_Work task_
Note how many lines in the entries contain the string "each", then give that number and nothing else.
(Material provided Opens)
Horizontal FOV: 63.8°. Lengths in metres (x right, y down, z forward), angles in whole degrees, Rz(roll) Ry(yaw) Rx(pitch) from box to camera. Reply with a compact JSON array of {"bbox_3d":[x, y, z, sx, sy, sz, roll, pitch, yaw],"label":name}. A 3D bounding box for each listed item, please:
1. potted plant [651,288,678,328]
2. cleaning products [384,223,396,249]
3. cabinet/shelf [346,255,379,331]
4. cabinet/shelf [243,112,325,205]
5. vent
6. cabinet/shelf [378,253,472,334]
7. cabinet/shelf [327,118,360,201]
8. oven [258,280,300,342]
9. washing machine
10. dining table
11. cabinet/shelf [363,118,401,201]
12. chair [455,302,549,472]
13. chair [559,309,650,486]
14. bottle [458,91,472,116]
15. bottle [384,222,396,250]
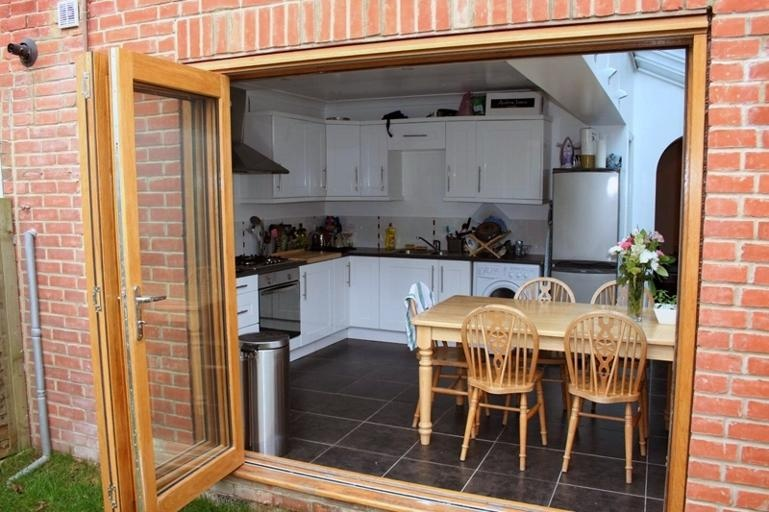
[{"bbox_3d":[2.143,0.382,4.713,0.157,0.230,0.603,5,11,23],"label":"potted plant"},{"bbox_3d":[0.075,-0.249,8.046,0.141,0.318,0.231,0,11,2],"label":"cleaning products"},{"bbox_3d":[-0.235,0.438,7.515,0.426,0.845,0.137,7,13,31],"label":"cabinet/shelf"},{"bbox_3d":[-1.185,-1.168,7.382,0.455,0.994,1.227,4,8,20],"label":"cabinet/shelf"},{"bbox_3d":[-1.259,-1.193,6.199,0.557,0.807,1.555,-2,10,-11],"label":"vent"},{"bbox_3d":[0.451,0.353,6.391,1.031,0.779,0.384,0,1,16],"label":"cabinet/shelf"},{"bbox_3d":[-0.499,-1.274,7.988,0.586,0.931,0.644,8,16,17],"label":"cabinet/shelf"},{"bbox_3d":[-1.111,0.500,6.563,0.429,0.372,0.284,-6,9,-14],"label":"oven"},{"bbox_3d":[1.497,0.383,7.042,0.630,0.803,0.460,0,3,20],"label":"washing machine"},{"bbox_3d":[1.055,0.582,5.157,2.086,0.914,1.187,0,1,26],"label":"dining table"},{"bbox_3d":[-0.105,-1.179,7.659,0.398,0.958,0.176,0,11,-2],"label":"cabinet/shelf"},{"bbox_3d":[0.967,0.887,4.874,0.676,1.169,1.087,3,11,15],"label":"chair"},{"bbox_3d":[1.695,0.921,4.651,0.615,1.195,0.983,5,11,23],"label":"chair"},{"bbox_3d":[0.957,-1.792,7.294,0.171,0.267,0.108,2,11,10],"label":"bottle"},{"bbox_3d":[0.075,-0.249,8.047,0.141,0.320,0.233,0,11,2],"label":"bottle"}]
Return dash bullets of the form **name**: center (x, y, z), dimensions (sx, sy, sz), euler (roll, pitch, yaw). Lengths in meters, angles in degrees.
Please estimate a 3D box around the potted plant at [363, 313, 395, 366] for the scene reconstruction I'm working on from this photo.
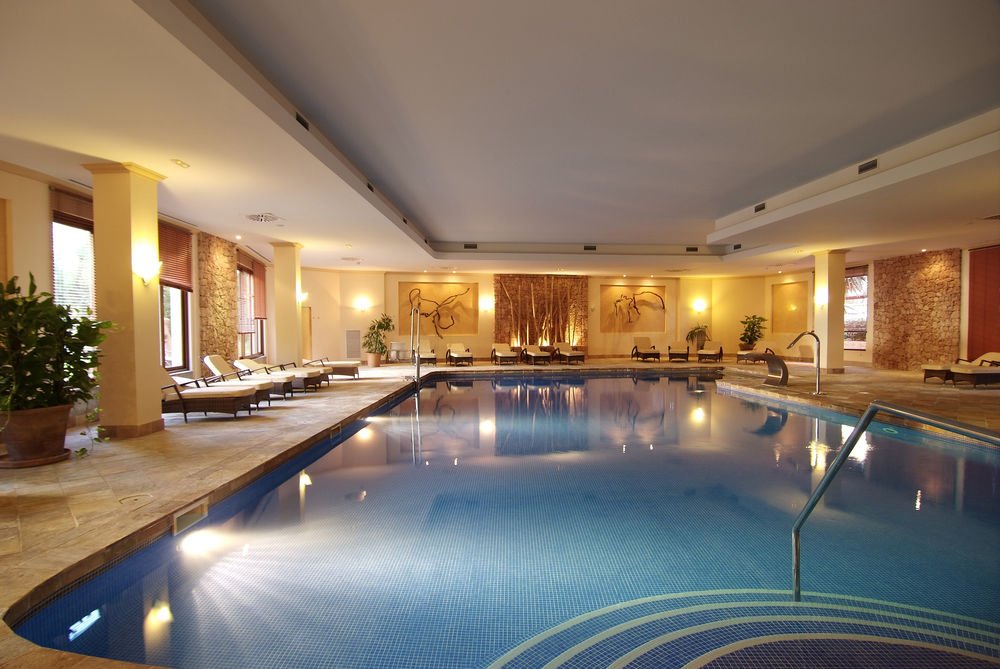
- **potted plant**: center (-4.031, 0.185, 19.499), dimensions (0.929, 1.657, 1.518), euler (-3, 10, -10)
(Material provided Closes)
(Material provided Opens)
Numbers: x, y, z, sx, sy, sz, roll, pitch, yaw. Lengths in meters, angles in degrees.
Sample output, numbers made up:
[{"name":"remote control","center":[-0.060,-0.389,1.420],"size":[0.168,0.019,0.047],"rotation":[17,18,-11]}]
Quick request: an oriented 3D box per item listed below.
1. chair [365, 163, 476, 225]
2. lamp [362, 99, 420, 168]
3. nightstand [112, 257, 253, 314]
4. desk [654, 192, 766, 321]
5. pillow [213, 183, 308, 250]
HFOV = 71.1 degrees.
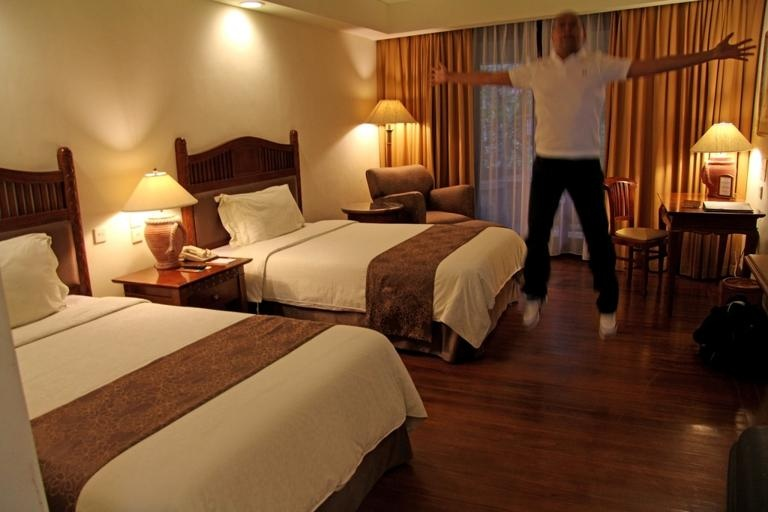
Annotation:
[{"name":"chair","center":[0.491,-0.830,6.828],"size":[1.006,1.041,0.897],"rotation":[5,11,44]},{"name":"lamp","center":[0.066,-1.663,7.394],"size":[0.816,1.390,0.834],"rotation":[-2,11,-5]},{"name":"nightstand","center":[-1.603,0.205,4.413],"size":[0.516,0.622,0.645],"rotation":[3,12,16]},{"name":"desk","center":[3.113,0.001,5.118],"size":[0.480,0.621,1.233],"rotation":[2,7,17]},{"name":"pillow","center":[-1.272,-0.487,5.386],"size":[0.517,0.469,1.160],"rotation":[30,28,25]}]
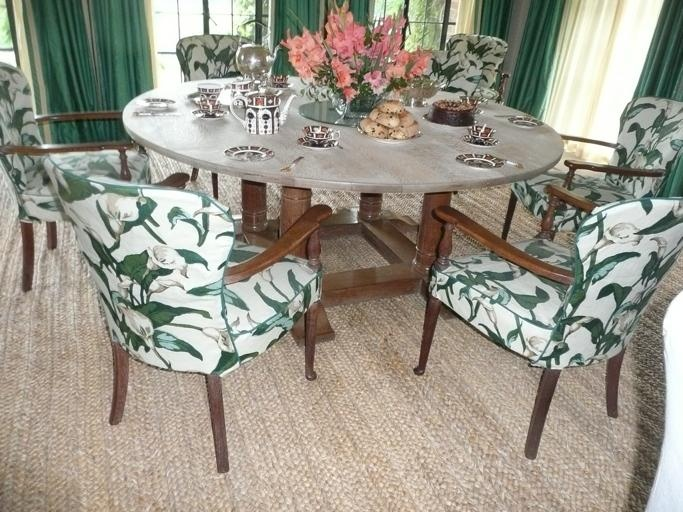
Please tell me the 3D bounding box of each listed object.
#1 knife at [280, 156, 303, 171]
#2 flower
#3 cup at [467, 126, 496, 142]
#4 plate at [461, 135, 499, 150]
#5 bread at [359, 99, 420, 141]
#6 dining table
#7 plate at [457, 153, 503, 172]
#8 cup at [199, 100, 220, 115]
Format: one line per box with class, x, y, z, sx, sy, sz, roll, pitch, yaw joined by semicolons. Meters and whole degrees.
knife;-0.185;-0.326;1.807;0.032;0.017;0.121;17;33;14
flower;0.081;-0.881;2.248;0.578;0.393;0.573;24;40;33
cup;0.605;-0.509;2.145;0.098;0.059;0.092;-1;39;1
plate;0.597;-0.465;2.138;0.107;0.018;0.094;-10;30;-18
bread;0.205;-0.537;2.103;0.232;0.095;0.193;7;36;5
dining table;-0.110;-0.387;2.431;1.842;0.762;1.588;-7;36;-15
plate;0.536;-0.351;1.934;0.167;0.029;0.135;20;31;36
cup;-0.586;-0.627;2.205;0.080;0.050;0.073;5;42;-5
(Material provided Closes)
_Answer to this exercise_
2